Find the string "degrees" in the listing and report every line that has it.

(Beginning of Dataset content)

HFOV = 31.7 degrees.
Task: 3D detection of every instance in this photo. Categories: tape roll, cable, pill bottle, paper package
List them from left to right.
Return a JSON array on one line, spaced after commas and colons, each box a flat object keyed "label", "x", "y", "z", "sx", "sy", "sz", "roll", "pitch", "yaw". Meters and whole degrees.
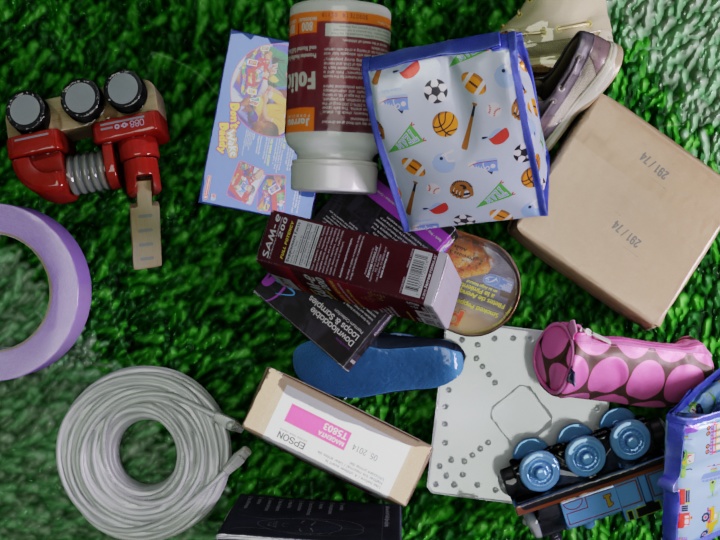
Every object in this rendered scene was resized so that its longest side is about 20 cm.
[{"label": "tape roll", "x": -0.416, "y": 0.024, "z": 1.468, "sx": 0.198, "sy": 0.066, "sz": 0.203, "roll": 0, "pitch": 90, "yaw": 1}, {"label": "cable", "x": -0.246, "y": 0.209, "z": 1.463, "sx": 0.199, "sy": 0.069, "sz": 0.201, "roll": 39, "pitch": 92, "yaw": 2}, {"label": "pill bottle", "x": -0.026, "y": -0.187, "z": 1.387, "sx": 0.113, "sy": 0.114, "sz": 0.203, "roll": 2, "pitch": 91, "yaw": 2}, {"label": "paper package", "x": 0.295, "y": -0.066, "z": 1.429, "sx": 0.199, "sy": 0.103, "sz": 0.192, "roll": 34, "pitch": 90, "yaw": 2}]

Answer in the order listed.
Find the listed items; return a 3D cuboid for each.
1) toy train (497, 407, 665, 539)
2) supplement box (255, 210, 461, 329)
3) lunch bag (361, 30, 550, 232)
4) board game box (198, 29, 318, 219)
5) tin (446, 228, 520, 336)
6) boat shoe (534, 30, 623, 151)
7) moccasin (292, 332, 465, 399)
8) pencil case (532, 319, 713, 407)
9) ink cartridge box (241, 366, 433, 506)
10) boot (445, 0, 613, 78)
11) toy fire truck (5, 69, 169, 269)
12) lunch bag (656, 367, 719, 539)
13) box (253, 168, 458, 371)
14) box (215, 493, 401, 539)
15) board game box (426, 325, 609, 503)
[{"label": "toy train", "x": 0.256, "y": 0.231, "z": 1.417, "sx": 0.198, "sy": 0.087, "sz": 0.115, "roll": -19, "pitch": 96, "yaw": 1}, {"label": "supplement box", "x": 0.000, "y": 0.000, "z": 1.348, "sx": 0.198, "sy": 0.109, "sz": 0.062, "roll": 15, "pitch": 78, "yaw": 17}, {"label": "lunch bag", "x": 0.103, "y": -0.155, "z": 1.323, "sx": 0.168, "sy": 0.125, "sz": 0.201, "roll": -8, "pitch": 134, "yaw": 16}, {"label": "board game box", "x": -0.102, "y": -0.164, "z": 1.467, "sx": 0.133, "sy": 0.045, "sz": 0.202, "roll": 11, "pitch": 91, "yaw": 1}, {"label": "tin", "x": 0.086, "y": 0.006, "z": 1.452, "sx": 0.198, "sy": 0.042, "sz": 0.113, "roll": 21, "pitch": 79, "yaw": 10}, {"label": "boat shoe", "x": 0.207, "y": -0.187, "z": 1.411, "sx": 0.064, "sy": 0.072, "sz": 0.200, "roll": 30, "pitch": 127, "yaw": -16}, {"label": "moccasin", "x": 0.023, "y": 0.109, "z": 1.452, "sx": 0.198, "sy": 0.068, "sz": 0.081, "roll": 5, "pitch": 102, "yaw": 15}, {"label": "pencil case", "x": 0.296, "y": 0.104, "z": 1.405, "sx": 0.198, "sy": 0.091, "sz": 0.094, "roll": 6, "pitch": 121, "yaw": -24}, {"label": "ink cartridge box", "x": -0.029, "y": 0.186, "z": 1.405, "sx": 0.198, "sy": 0.165, "sz": 0.076, "roll": 26, "pitch": 81, "yaw": 2}, {"label": "boot", "x": 0.190, "y": -0.302, "z": 1.446, "sx": 0.197, "sy": 0.073, "sz": 0.157, "roll": -1, "pitch": 88, "yaw": 4}, {"label": "toy fire truck", "x": -0.298, "y": -0.104, "z": 1.449, "sx": 0.174, "sy": 0.129, "sz": 0.202, "roll": -11, "pitch": 80, "yaw": 2}, {"label": "lunch bag", "x": 0.384, "y": 0.202, "z": 1.359, "sx": 0.094, "sy": 0.199, "sz": 0.152, "roll": 17, "pitch": 116, "yaw": 42}, {"label": "box", "x": -0.005, "y": -0.007, "z": 1.427, "sx": 0.143, "sy": 0.036, "sz": 0.200, "roll": 39, "pitch": 85, "yaw": 19}, {"label": "box", "x": -0.053, "y": 0.330, "z": 1.392, "sx": 0.194, "sy": 0.200, "sz": 0.126, "roll": 2, "pitch": 92, "yaw": 2}, {"label": "board game box", "x": 0.185, "y": 0.168, "z": 1.471, "sx": 0.197, "sy": 0.026, "sz": 0.203, "roll": 7, "pitch": 91, "yaw": 1}]

(End of Dataset content)

Exercise result:
HFOV = 31.7 degrees.
Return a JSON array on one line, spaced after commas and colons, each box a flat object keyed "label", "x", "y", "z", "sx", "sy", "sz", "roll", "pitch", "yaw". Meters and whole degrees.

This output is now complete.